«Ci sono solo due categorie di persone: i cattivi e i molto cattivi. Ma noi siamo giunti ad un accordo e chiamiamo buoni i cattivi e cattivi i molto cattivi». Le parole pronunciate da Fritz Lang identificano l’intenzione narrativa del regista austriaco portata avanti dagli esordi con il cinema muto, fino alle grandi produzioni hollywoodiane. Il grande caldo tratto dall’omonimo romanzo di William P. McGivern e sceneggiato dalla penna del maestro del noir Sydney Boehm, è una storia cruda e necessaria, che tocca con una perfezione formale ineguagliabile, il tema scottante quanto non mai nell’America degli anni Cinquanta, la comunione d’ intenti tra polizia e crimine organizzato.
Debitore del precedente poliziesco Il grande sonno di Howard Hawks del 1946, con la coppia Humphrey Bogart – Lauren Bacall, il film di Lang lo reinterpreta rimanendo fedele al proprio stile. Dave Bannion è un onesto uomo medio diventato per necessità il combattente della criminalità. Ma a differenza di Marlowe non è un eroe da romanzo, che si aggira per la metropoli oscura filosofeggiando sull’esistenza. Glenn Ford, in una delle sue migliori interpretazioni, diventa furia omicida per amore della moglie uccisa.

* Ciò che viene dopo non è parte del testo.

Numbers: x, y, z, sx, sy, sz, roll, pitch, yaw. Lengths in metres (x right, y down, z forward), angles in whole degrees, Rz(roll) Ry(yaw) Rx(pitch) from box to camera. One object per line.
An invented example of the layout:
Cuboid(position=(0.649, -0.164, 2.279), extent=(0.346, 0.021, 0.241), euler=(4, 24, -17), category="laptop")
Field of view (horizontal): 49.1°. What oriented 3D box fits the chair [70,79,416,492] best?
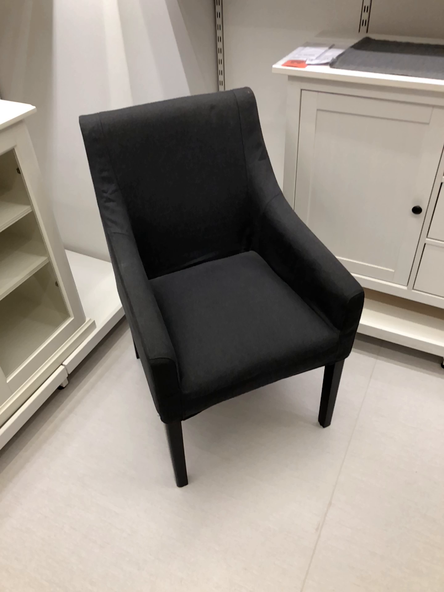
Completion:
Cuboid(position=(0.014, -0.040, 1.422), extent=(0.610, 0.884, 0.624), euler=(-16, 42, -15), category="chair")
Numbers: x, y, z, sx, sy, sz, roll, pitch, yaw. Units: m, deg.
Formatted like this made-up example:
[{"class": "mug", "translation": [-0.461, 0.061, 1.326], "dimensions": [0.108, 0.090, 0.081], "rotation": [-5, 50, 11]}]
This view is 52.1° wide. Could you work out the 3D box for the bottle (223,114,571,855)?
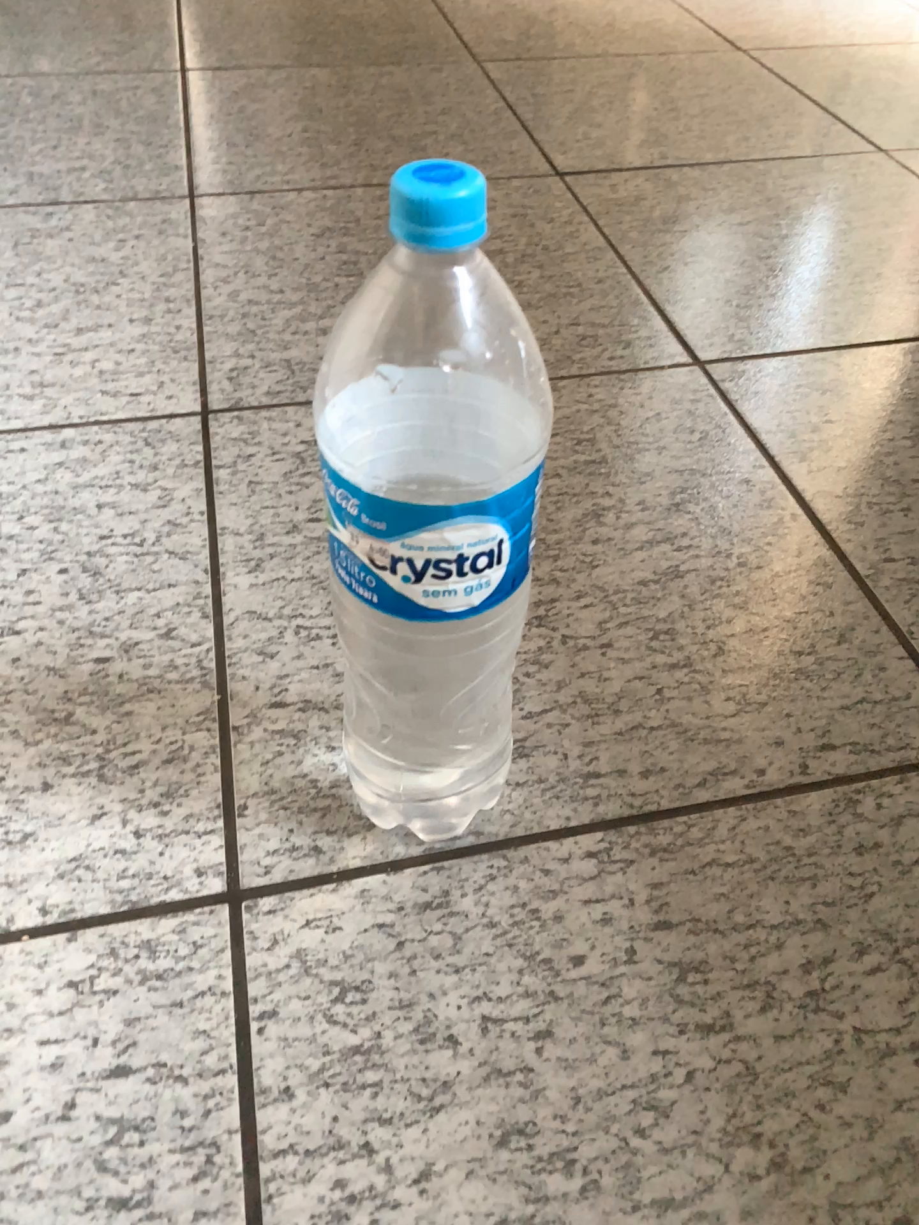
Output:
[{"class": "bottle", "translation": [-0.016, -0.023, 0.380], "dimensions": [0.090, 0.298, 0.090], "rotation": [1, 46, -1]}]
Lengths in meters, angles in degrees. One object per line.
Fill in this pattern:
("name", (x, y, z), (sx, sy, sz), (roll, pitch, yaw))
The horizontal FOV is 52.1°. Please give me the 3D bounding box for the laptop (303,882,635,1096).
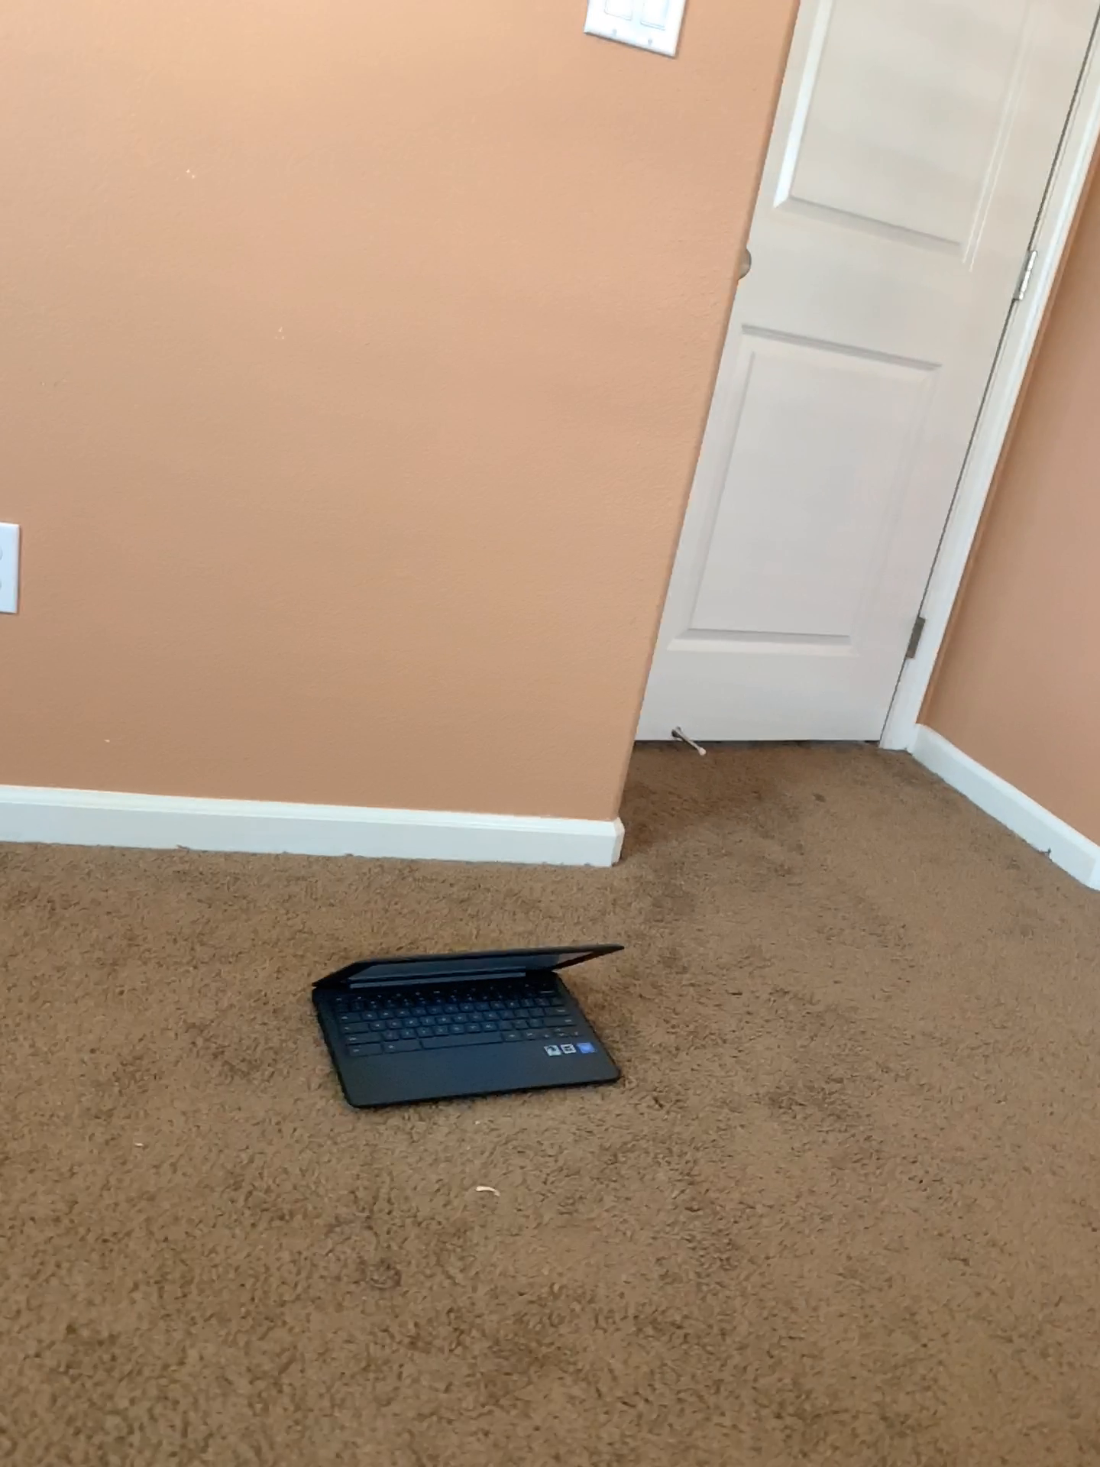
("laptop", (-0.093, 0.262, 1.204), (0.289, 0.127, 0.195), (2, 19, -24))

Come già in M, anche nei film americani The Big Heat e While the City Sleeps, Lang dipinge attraverso l’ accostamento di immagini sobrie e affettuose, legate alla normalità familiare della vita di Bannion, l’altra faccia della città corrotta e spietata che lotta contro le pulsioni del sistema malavitoso sotterraneo. La duplicità della natura umana è rappresentata dalla prostituta Debbie, il cui volto nascosto sfigurato per metà cela l’ orrore delle azioni passate di cui è stata testimone e la volontà di riscatto per amore del poliziotto Ford. La donna del boss Gloria Grahame rimarrà legata al regista anche nel successivo La bestia umana girato due anni dopo, dove vestirà di nuovo i panni incantevoli di un’ ambigua seduttrice.
Il metteur en scène Lang, ancora più di Murnau, ha saputo traghettare l’ esperienza espressionista degli anni Venti verso nuove prospettive, riuscendo ad imprimere la sua estetica caratteristica su qualsiasi tema gli passasse tra le mani, dai feuilleton alle leggende germaniche, passando per le storie del West fino ai romanzi commerciali e le spy story. L’ incipit del film, il suicidio del sergente corrotto mostrato con le sole inquadrature di mano e pistola, già prefigurano l’ andamento della vicenda: mostrare poco per far vedere molto, infilare il tarlo nella mente dello spettatore senza dare a vedere la crudeltà delle azioni dei suoi protagonisti, come voleva la politica della censura statunitense molto restrittiva all’ epoca.
Il titolo “The Big Heat” in gergo della malavita americana significa non solo l’ arrivo di un’estate torrida, quanto piuttosto la morsa della polizia sul crimine. Dato che l’unico a farsi condottiero della moralità pulita è un detective tagliato fuori dall’ufficialità delle istituzioni, è ipotizzabile dell’ironia? Se così fosse, il maestro Lang avrebbe dato prova ulteriore della pratica artistica da sempre perseguita, evitare la ridondanza delle dichiarazioni esplicite in favore di un più asciutto lirismo formale.